* _What is needed_: From the entries, return every line where the string "insert" shows up.

*** Opening Data supplied ***

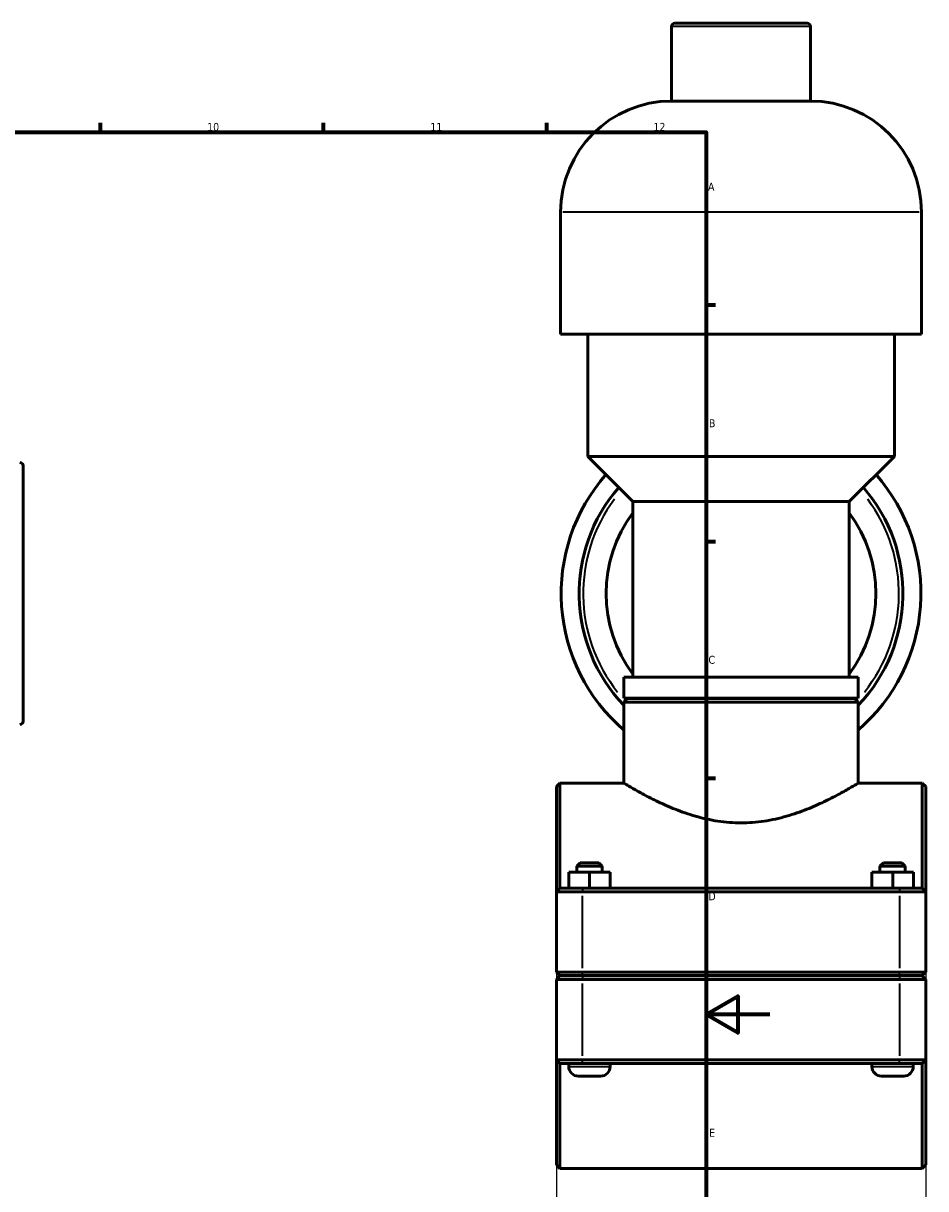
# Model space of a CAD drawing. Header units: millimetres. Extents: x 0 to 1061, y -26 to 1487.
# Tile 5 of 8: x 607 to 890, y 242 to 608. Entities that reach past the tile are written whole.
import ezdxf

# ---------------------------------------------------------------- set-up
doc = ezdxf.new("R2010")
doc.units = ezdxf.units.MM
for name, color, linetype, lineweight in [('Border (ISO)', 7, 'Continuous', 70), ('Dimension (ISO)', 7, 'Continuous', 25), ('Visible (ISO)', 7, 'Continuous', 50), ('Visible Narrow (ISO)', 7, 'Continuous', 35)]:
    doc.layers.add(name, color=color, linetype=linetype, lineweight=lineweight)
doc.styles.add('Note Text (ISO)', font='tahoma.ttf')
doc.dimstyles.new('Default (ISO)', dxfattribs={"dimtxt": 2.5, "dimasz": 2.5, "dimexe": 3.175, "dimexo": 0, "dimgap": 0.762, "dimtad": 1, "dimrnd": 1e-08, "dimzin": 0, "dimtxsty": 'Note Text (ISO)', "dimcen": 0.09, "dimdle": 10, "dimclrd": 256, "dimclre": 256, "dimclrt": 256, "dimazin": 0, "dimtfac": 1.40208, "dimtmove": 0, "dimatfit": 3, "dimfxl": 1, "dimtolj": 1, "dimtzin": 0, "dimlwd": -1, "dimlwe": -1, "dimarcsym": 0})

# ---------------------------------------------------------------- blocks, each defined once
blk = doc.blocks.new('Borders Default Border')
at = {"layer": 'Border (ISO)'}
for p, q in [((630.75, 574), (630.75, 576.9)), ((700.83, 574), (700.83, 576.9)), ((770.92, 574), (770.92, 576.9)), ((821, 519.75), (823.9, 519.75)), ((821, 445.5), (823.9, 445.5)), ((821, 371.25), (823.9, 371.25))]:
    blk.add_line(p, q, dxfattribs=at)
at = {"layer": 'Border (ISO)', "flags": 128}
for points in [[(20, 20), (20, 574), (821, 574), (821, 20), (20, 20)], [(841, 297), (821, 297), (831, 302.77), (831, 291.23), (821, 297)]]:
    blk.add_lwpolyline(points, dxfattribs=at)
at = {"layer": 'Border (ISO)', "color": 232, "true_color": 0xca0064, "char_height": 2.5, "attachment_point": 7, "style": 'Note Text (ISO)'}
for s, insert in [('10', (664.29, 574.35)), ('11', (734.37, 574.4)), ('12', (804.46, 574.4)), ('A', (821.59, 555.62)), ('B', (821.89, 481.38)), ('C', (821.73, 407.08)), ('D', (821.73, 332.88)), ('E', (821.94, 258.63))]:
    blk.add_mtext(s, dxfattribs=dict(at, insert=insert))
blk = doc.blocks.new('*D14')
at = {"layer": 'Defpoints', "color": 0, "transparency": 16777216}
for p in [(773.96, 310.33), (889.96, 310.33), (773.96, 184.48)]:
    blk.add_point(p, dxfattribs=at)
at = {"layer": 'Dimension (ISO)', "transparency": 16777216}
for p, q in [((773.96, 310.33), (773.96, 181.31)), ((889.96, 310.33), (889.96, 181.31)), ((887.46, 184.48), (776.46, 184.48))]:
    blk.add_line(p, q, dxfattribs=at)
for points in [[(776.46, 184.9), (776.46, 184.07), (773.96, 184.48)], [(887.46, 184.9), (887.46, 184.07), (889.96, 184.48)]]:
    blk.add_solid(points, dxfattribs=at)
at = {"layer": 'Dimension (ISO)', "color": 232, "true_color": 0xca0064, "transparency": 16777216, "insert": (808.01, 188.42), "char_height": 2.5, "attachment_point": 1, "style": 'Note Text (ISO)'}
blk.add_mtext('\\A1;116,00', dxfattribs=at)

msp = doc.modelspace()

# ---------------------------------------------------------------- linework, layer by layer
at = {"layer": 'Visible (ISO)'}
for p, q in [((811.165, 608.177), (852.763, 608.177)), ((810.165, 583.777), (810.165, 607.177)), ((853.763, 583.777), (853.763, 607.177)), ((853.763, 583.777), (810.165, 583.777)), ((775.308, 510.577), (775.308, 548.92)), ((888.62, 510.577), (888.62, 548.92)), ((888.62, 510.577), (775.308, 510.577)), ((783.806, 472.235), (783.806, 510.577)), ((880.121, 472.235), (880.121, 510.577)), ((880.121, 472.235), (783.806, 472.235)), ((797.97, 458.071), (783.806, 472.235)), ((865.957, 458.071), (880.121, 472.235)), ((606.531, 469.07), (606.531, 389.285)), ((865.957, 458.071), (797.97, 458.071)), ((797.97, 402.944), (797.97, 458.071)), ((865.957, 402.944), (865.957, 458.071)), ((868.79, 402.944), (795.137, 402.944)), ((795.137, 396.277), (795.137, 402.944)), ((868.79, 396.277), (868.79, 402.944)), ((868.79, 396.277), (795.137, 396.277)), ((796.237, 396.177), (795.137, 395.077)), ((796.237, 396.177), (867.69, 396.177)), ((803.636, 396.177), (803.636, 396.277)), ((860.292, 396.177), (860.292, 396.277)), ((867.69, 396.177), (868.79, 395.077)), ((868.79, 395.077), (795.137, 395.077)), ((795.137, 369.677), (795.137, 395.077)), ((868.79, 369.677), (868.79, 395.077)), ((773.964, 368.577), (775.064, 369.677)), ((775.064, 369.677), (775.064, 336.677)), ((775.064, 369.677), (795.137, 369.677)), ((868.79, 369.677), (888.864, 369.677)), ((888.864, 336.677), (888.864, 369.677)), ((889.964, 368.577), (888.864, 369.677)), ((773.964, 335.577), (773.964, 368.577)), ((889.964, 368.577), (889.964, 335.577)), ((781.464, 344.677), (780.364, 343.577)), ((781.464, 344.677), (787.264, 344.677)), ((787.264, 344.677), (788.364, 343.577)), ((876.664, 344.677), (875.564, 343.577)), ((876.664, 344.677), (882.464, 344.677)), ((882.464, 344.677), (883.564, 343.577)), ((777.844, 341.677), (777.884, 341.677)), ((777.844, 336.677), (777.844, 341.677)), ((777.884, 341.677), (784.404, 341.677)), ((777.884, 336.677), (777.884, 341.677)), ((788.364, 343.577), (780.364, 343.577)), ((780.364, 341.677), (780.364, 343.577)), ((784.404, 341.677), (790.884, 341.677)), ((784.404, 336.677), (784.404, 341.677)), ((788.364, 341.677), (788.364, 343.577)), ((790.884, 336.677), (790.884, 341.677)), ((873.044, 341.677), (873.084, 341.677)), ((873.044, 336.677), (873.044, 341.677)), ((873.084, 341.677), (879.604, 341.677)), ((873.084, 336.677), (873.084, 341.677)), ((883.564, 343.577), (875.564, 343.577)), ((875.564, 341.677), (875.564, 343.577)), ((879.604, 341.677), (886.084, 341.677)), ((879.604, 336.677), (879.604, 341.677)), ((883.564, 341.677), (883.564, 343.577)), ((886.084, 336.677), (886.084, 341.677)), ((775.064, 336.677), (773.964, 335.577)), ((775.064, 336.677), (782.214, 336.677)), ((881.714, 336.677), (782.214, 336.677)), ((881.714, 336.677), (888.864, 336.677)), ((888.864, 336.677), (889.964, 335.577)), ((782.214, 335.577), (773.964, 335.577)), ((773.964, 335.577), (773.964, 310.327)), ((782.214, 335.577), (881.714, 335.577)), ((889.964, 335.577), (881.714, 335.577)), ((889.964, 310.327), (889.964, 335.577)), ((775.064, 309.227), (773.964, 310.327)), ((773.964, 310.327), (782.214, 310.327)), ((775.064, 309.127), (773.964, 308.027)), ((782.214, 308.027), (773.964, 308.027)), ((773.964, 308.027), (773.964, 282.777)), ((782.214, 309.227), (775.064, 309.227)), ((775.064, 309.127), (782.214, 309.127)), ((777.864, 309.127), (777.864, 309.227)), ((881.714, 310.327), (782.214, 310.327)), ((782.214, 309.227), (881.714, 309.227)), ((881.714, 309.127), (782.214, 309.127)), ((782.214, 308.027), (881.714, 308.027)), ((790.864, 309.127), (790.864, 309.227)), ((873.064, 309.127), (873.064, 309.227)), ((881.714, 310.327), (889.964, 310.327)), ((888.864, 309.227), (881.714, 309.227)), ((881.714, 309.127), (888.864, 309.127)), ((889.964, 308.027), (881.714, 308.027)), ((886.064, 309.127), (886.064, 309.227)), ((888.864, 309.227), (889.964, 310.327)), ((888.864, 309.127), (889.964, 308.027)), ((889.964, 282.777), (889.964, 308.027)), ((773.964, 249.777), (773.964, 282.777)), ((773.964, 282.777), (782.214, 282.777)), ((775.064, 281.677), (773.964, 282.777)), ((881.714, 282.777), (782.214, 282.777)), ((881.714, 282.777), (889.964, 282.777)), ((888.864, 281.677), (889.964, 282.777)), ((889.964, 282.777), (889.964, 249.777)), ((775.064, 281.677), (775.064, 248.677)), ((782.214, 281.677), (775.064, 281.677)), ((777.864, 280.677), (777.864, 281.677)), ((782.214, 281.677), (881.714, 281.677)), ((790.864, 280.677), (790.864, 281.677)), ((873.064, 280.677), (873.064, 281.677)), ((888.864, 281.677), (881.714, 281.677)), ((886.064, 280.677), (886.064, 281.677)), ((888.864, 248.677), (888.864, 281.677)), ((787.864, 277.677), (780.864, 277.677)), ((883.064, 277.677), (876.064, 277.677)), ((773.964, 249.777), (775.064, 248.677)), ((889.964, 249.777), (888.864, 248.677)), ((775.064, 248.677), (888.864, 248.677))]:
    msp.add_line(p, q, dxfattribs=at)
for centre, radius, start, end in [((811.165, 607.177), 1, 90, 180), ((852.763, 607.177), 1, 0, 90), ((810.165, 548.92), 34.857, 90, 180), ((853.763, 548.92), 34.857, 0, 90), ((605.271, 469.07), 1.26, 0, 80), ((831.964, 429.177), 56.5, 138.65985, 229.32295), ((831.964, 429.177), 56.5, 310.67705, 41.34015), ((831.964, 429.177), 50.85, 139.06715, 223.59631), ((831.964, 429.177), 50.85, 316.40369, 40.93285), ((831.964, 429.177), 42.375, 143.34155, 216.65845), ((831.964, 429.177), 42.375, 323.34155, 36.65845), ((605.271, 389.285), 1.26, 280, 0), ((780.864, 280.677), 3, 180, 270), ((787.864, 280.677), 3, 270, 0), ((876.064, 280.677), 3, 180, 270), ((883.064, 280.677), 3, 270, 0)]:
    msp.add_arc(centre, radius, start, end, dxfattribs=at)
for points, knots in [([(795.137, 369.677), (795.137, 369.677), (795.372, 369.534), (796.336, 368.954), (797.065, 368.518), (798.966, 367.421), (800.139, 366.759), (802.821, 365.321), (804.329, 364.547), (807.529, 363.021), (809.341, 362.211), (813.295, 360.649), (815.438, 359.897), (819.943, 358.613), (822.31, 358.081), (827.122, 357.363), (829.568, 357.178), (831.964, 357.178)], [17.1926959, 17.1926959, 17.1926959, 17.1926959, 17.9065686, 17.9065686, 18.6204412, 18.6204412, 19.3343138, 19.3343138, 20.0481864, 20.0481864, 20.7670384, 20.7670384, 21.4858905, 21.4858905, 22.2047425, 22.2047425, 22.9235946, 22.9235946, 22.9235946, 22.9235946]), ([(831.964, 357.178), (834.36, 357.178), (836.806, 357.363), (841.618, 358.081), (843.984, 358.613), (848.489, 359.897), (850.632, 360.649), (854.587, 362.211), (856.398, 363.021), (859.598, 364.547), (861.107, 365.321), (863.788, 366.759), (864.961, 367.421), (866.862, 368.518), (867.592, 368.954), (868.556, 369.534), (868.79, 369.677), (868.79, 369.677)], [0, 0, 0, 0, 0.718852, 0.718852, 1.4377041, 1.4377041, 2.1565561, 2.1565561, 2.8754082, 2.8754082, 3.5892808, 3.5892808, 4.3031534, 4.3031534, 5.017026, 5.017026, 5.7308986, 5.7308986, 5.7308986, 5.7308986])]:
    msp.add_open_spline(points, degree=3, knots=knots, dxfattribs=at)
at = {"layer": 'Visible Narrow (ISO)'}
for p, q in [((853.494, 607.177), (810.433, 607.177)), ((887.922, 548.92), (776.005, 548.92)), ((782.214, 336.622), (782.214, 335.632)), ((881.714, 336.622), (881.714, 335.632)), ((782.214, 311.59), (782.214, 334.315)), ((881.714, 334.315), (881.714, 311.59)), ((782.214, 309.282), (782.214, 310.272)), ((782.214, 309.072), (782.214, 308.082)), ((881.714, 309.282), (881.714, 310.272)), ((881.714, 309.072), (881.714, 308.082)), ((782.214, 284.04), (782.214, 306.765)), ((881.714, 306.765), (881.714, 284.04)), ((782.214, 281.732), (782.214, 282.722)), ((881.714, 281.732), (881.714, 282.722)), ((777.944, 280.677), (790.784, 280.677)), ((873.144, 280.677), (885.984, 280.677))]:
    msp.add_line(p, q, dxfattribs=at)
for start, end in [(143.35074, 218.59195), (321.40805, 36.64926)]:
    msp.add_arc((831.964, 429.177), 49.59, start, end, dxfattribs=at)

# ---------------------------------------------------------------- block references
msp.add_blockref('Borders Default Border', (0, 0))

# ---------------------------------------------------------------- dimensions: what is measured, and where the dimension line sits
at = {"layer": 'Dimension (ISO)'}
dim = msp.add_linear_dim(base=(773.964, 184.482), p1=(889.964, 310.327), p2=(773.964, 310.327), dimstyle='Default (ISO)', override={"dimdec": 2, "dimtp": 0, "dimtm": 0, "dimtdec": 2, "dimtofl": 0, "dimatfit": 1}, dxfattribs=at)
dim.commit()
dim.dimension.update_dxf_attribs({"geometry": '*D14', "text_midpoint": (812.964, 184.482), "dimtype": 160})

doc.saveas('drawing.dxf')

*** Closing Data supplied ***

* _Written solution_:
for s, insert in [('10', (664.29, 574.35)), ('11', (734.37, 574.4)), ('12', (804.46, 574.4)), ('A', (821.59, 555.62)), ('B', (821.89, 481.38)), ('C', (821.73, 407.08)), ('D', (821.73, 332.88)), ('E', (821.94, 258.63))]:
    blk.add_mtext(s, dxfattribs=dict(at, insert=insert))
at = {"layer": 'Dimension (ISO)', "color": 232, "true_color": 0xca0064, "transparency": 16777216, "insert": (808.01, 188.42), "char_height": 2.5, "attachment_point": 1, "style": 'Note Text (ISO)'}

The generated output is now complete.